About

Origin

Datamule grew out of an open source document parsing project started by John Friedman, during a medical leave of absence from his PhD at UCLA. The document parser required a large supply of diverse data, for which the SEC corpus was chosen. Datamule was then released as an open source package for working with SEC data.

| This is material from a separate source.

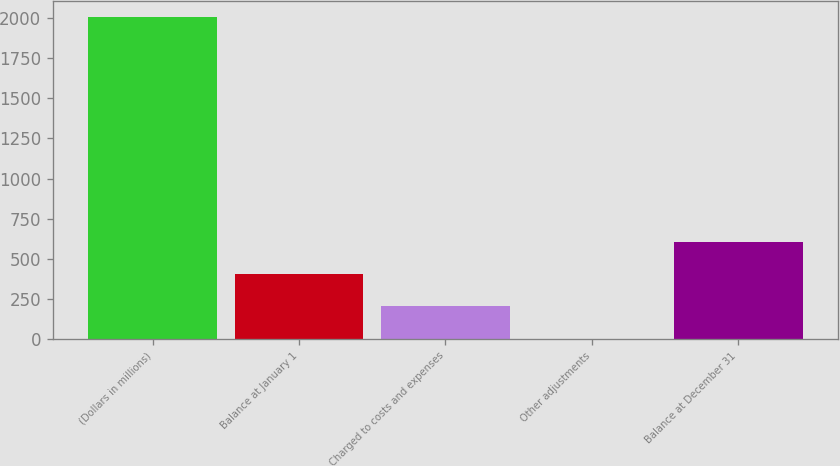Convert chart to OTSL. <chart><loc_0><loc_0><loc_500><loc_500><bar_chart><fcel>(Dollars in millions)<fcel>Balance at January 1<fcel>Charged to costs and expenses<fcel>Other adjustments<fcel>Balance at December 31<nl><fcel>2006<fcel>403.6<fcel>203.3<fcel>3<fcel>603.9<nl></chart>

SEC rate limits were too slow, so John set up his own SEC Archive. This was released to the public, using a Stripe paywall of $1/100,000 filings downloaded as a resource control mechanism.

In April 2025, Datamule was incorporated as a LLC. That summer, Datamule became part of AWS Activate and Cloudflare for Startups. The credits and compute were used to setup cloud infrastructure to process and distribute SEC data at scale.

Mission

At its core, Datamule is about efficient processing of information. This is an interdisciplinary mission that blends together concepts from Information Theory, Machine Learning, Compression, and Distributed Computing.

The SEC corpus provides a rich, diverse, large corpus to work on that is also extremely valuable.

Goals

Make SEC data cheap and easy to use, especially for AI.
Advance information processing.
Profit.

Team

John Friedman

Founder & CEO

John grew up playing Nim and Chomp in Ithaca, New York. He later became interested in economics, working for future Nobel Prize Winner and coauthor, Simon Johnson. In 2020, John dropped out of Berkeley to work on the Covid-19 Relief Effort—and to pursue research full-time.